(Extracted data entries)

◆ ◆ ◆ ◆

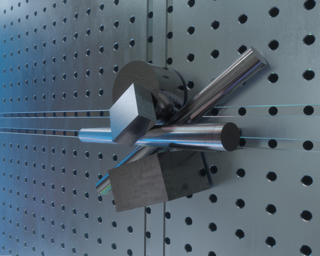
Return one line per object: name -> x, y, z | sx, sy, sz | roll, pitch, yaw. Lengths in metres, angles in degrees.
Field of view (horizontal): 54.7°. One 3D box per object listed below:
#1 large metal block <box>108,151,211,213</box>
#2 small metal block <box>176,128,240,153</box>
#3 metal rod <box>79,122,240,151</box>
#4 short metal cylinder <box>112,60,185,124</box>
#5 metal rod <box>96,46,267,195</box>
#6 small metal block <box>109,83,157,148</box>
large metal block -> -0.001, 0.061, 0.368 | 0.080, 0.081, 0.050 | -23, 76, 38
small metal block -> 0.054, 0.012, 0.344 | 0.050, 0.050, 0.025 | 0, 90, 41
metal rod -> -0.030, 0.010, 0.383 | 0.299, 0.025, 0.025 | -1, 89, 53
short metal cylinder -> -0.016, -0.043, 0.401 | 0.080, 0.050, 0.080 | -1, 89, 40
metal rod -> 0.007, 0.008, 0.400 | 0.299, 0.025, 0.025 | -41, 65, 32
small metal block -> -0.032, -0.014, 0.355 | 0.050, 0.025, 0.050 | -43, 42, 32

◆ ◆ ◆ ◆

» Instructions to follow
When copying the records, reproduce every entry exactly and omit all pictures.

» Response to this exercise
Return one line per object: name -> x, y, z | sx, sy, sz | roll, pitch, yaw. Lengths in metres, angles in degrees.
Field of view (horizontal): 54.7°. One 3D box per object listed below:
#1 large metal block <box>108,151,211,213</box>
#2 small metal block <box>176,128,240,153</box>
#3 metal rod <box>79,122,240,151</box>
#4 short metal cylinder <box>112,60,185,124</box>
#5 metal rod <box>96,46,267,195</box>
#6 small metal block <box>109,83,157,148</box>
large metal block -> -0.001, 0.061, 0.368 | 0.080, 0.081, 0.050 | -23, 76, 38
small metal block -> 0.054, 0.012, 0.344 | 0.050, 0.050, 0.025 | 0, 90, 41
metal rod -> -0.030, 0.010, 0.383 | 0.299, 0.025, 0.025 | -1, 89, 53
short metal cylinder -> -0.016, -0.043, 0.401 | 0.080, 0.050, 0.080 | -1, 89, 40
metal rod -> 0.007, 0.008, 0.400 | 0.299, 0.025, 0.025 | -41, 65, 32
small metal block -> -0.032, -0.014, 0.355 | 0.050, 0.025, 0.050 | -43, 42, 32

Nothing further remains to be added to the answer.